Porażka z MKS Dąbrową Górnicza tylko pogłębiła kryzys, w jaki wpadli koszykarze Śląska Wrocław. Trójkolorowi po raz ostatni triumfowali na parkietach TBL 25 października w meczu z Treflem Sopot, ale minimalnie (65:64) i w bardzo słabym stylu. Od tego momentu byli mistrzowie Polski zanotowali serię aż siedmiu porażek z rzędu, a przesłanek do jej zakończenia jak na razie nie widać.
Wrocławianom nie pomogła nawet decyzja włodarzy klubu o zwolnieniu trenera Mihailo Uvalina. Jego następca Emil Rajković odmienił co prawdą styl zespołu, ale tylko na trzy mecze i tylko w rozgrywkach Pucharu Europy FIBA. WKS pokonał pod wodzą Macedończyka BC Siauliai, Inter Bratysławę i Royal Hali Gaziantep, przegrywając w tym czasie na polskich parkietach m.in. ze Startem Lublin czy BM Slam Stalą Ostrów Wielkopolski.
- Praktycznie od początku sezonu wszyscy widzą, że mamy duży problem.
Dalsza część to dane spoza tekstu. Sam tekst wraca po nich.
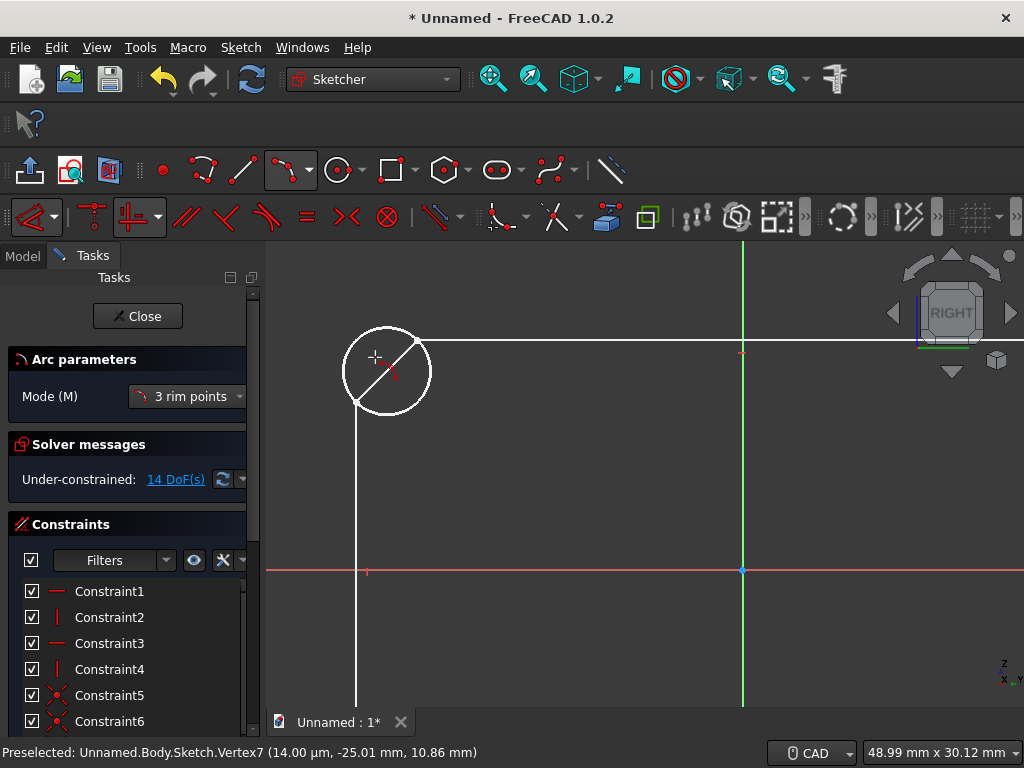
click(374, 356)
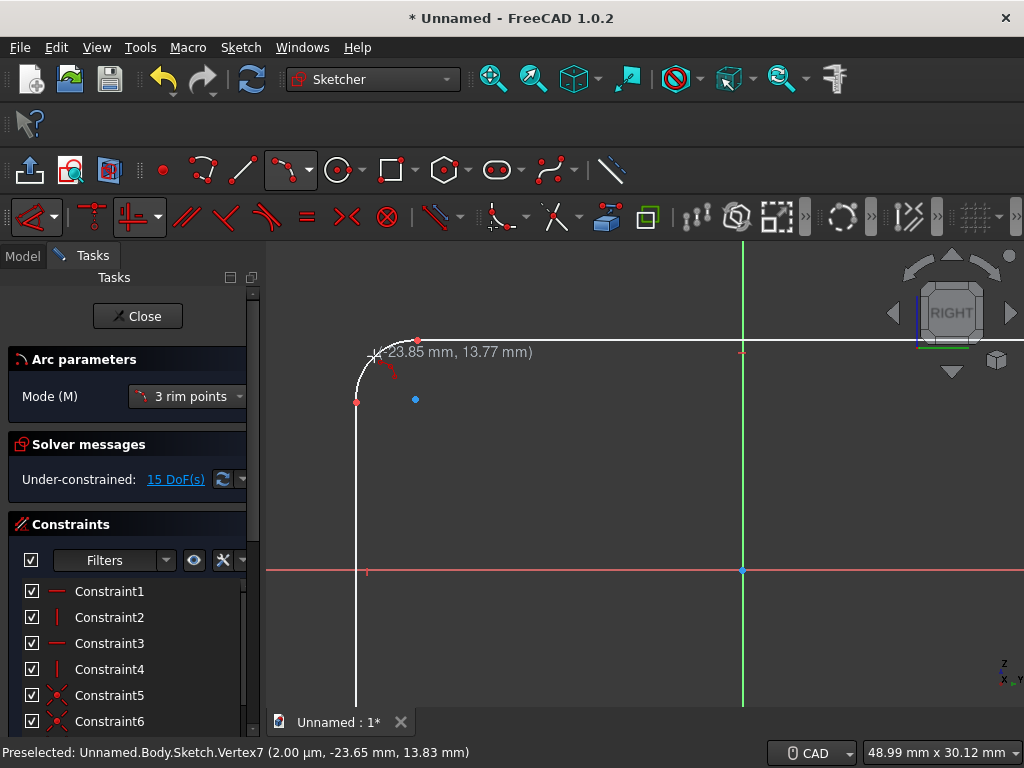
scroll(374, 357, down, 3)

Posiadamy w składzie zawodników, którzy nie zasługują na to, by nosić koszulkę z herbem Śląska Wrocław na piersi. Oni powinni już teraz wracać do domu - mówił wyraźnie rozgoryczony Emil Rajković po porażce z MKS Dąbrową Górniczą.
Po raz kolejny w barwach Śląska najbardziej błyszczał Jarvis Williams, który zapisał na swoim koncie 20 punktów i 7 zbiórek. Dwucyfrową zdobyczą punktową popisało się oprócz Amerykanina jeszcze tylko dwóch graczy - Anthony Smith (18 pkt.) i Kamil Chanas (10 pkt.). Zdecydowanie zawiódł za to m.in. Brandon Heath. Doświadczony rozgrywający w ciągu nieco ponad 23 minut zdołał trafić tylko jeden na sześć oddanych rzutów z gry i rozdać 3 asysty. Śląsk jak całość również wypadł blado.
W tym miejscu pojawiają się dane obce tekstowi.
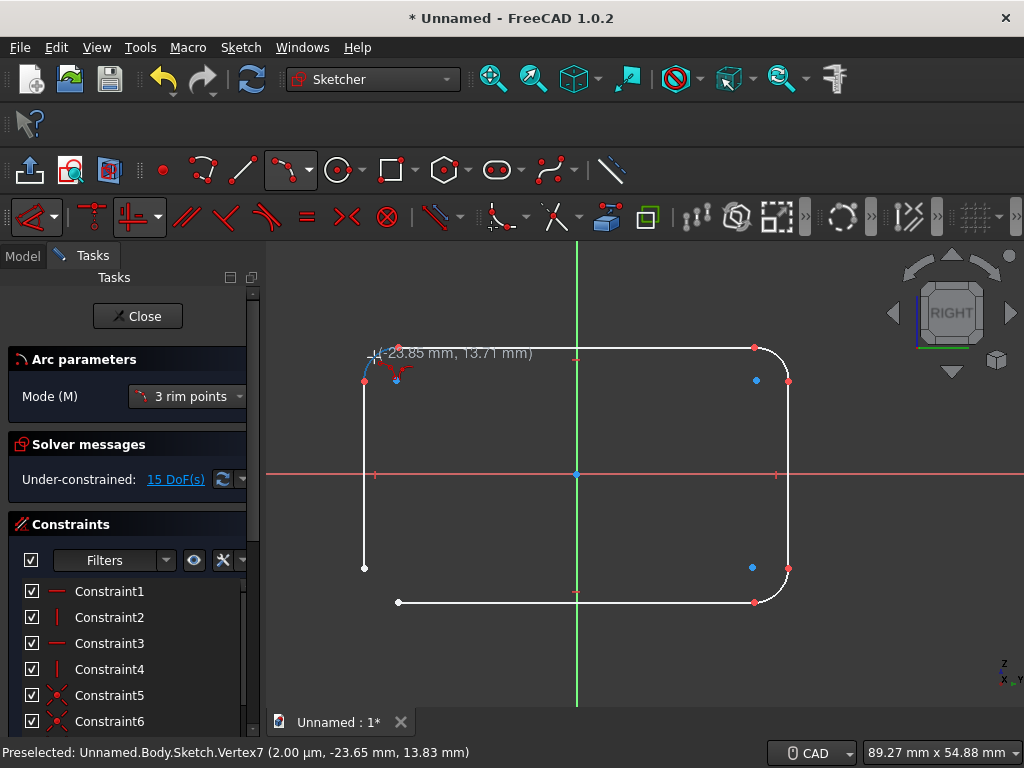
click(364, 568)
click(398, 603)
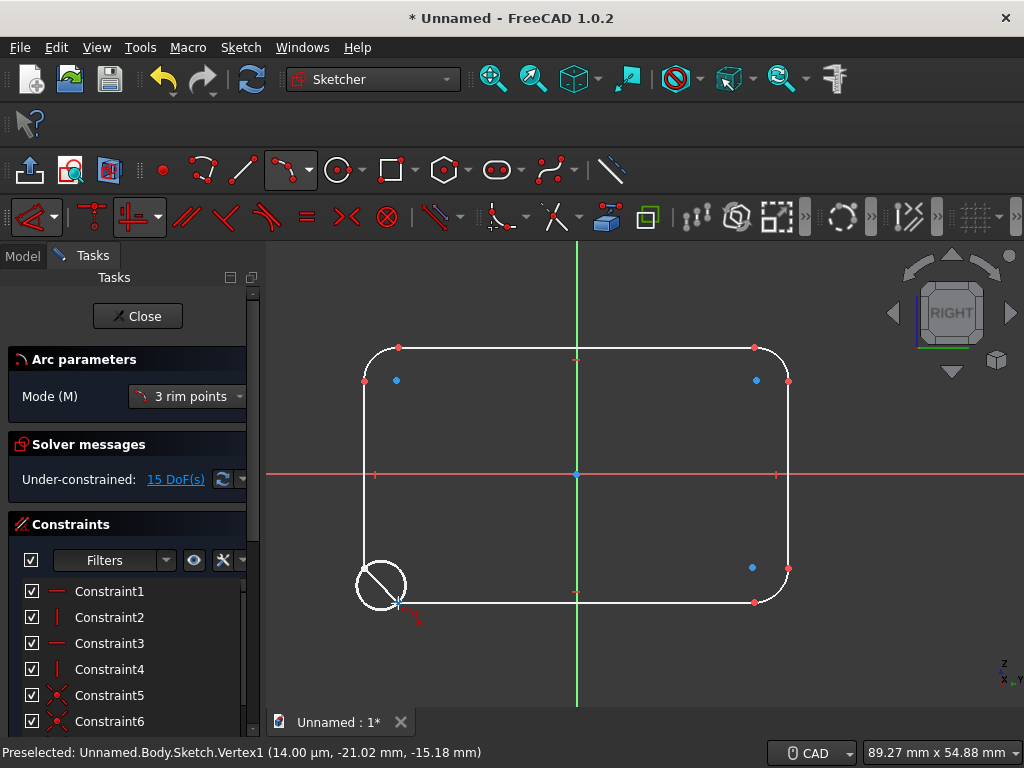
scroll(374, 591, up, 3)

Wrocławianie mieli zaledwie 19-procentową skuteczność w rzutach z dystansu (4/21) i mieli tylko 10 asyst przy 12 stratach. Problemem zespołu ze stolicy Dolnego Śląska nie są jednak tylko złe statystyki, ale przede wszystkim niski poziom zaangażowania i mobilizacji niektórych zawodników. Trener Emil Rajković nie ukrywa, że z częścią z nich bardzo chętnie jak najszybciej by się rozstał.
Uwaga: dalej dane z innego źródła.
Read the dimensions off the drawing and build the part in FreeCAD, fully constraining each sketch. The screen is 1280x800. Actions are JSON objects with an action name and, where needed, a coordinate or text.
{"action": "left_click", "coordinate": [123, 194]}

- Jeżeli zajdzie taka konieczność, to będziemy grali w najbliższych meczach młodymi zawodnikami, wrocławską młodzieżą. Skoro rezultat ma być taki sam, to już lepiej, aby to oni się ogrywali. Może lepiej postawić na "dzieci" zamiast grać tymi, którzy nie wiedzą jak być profesjonalnymi koszykarzami - dodawał macedoński szkoleniowiec.